Premalabai Chavan (2 July 1918 – 8 July 2003) was an Indian politician and was a member of the Lok Sabha and the Rajya Sabha. The Founder-President of the All India Women's Cricket Association, she was involved in various other activities that contributed to the welfare of women in Indian society. Premalakaki Chavan is notable for holding the record for the most number of representations (four) in the Lok Sabha and the Rajya Sabha, by a female M.P. from Maharashtra.
Chavan was born to the M. N. Rao Jagdale in the Baroda district of Gujarat. She completed her primary and secondary education at S.N.D.T. in Indore, after which she went to St. Xavier's College Bombay, where she received a Diploma in Montessori Education. Premalakaki married Dajisaheb Chavan on 27 April 1942. She was the mother of the ex-Chief Minister of Maharashtra, Prithviraj Chavan, along with Nirupama Ajitrao Yadav and Vidlyulata Vyankatrao Ghorpade.
Chavan was a member of the Peasants and Workers Party of Maharashtra from 1952-60. Later, she represented the Indian National Congress party in the Fifth Lok Sabha (1971–77), the Sixth Lok Sabha (1977–79), the Eighth Lok Sabha (1984–89), and the Rajya Sabha (1980–84).
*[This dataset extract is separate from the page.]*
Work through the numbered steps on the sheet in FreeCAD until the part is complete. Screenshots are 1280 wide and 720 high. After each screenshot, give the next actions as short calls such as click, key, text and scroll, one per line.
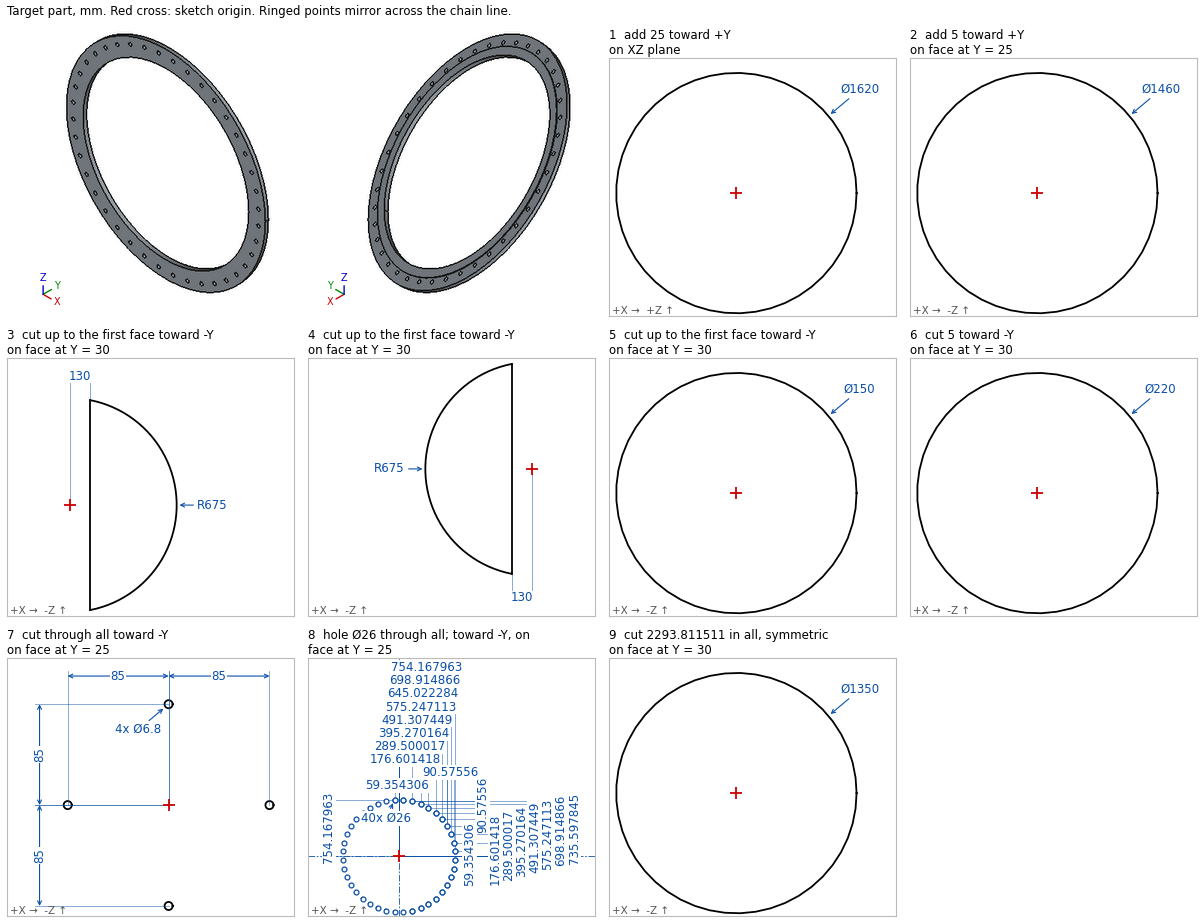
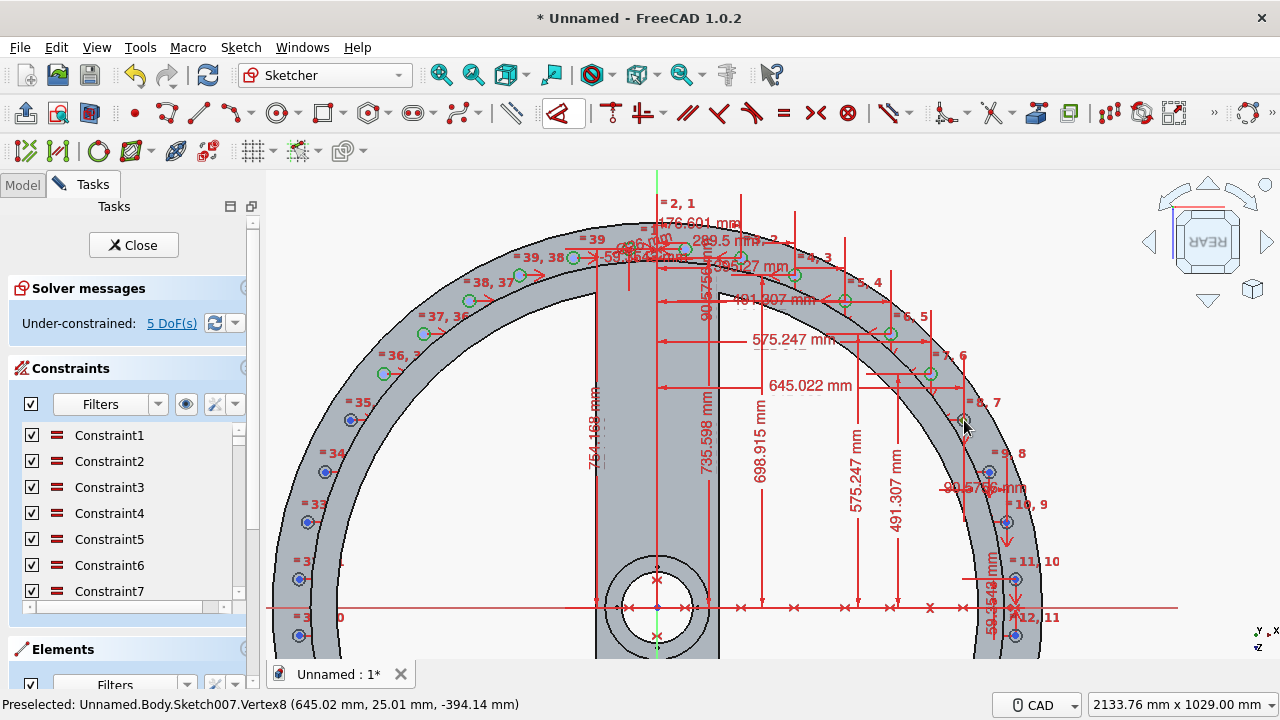
key(i)

After her husband's death, she was elected unopposed to the Lok Sabha in a by-poll in 1973. She was re-elected from the Karad constituency for the next three terms. After the post-emergency split in the Congress, when many party veterans in the state aligned with the congress led by Devraj Urs, Chavan chose to remain with Indira Gandhi and also served as the Congress(i) State President at that time. When Indira Gandhi returned to power in 1980, she nominated Premalakaki to Rajya Sabha in 1981. Chavan was re-elected to the Lok Sabha from Karad in 1989. Premalakaki retired from politics in 1991 when Rajiv Gandhi asked her son to continue the family's political legacy in parliament.
Premala Chavan participated in the Lok Sabha until 1991, until which point she had contested from her late constituency and served in the same capacity for all consecutive terms.